**WORK REQUIRED:** Among the entries below, find all lines that include "Lengths" and copy them.

**INPUT RECORDS:**
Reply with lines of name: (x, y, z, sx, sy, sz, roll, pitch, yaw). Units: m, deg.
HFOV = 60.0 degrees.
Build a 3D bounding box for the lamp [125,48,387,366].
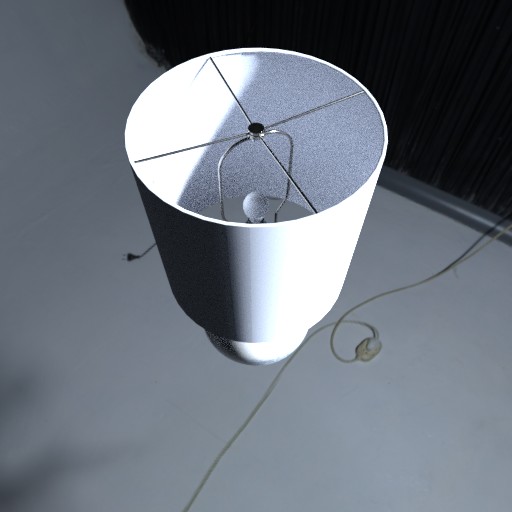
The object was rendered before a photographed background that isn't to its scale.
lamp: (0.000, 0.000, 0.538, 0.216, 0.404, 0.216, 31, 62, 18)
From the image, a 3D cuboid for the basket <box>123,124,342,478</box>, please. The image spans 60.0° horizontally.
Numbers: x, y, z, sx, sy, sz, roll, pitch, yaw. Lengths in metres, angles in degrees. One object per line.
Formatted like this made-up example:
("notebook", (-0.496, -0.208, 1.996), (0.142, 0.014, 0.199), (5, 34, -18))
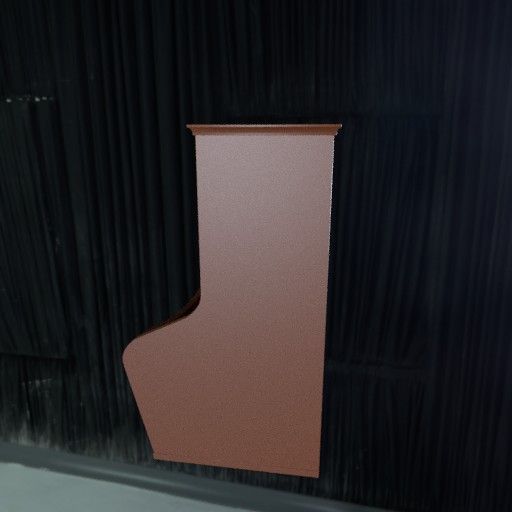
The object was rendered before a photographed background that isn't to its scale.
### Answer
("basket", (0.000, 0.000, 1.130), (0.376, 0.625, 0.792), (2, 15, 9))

--

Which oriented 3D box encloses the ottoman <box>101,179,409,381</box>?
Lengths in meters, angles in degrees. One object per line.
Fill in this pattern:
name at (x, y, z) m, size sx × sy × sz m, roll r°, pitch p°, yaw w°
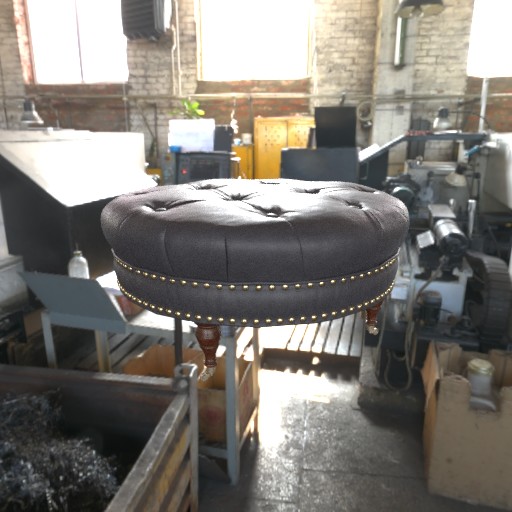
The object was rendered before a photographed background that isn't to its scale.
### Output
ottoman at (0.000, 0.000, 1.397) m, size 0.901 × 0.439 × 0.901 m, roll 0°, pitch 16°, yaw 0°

**ANSWER BOX:**
Numbers: x, y, z, sx, sy, sz, roll, pitch, yaw. Lengths in metres, angles in degrees. One object per line.
Lengths in meters, angles in degrees. One object per line.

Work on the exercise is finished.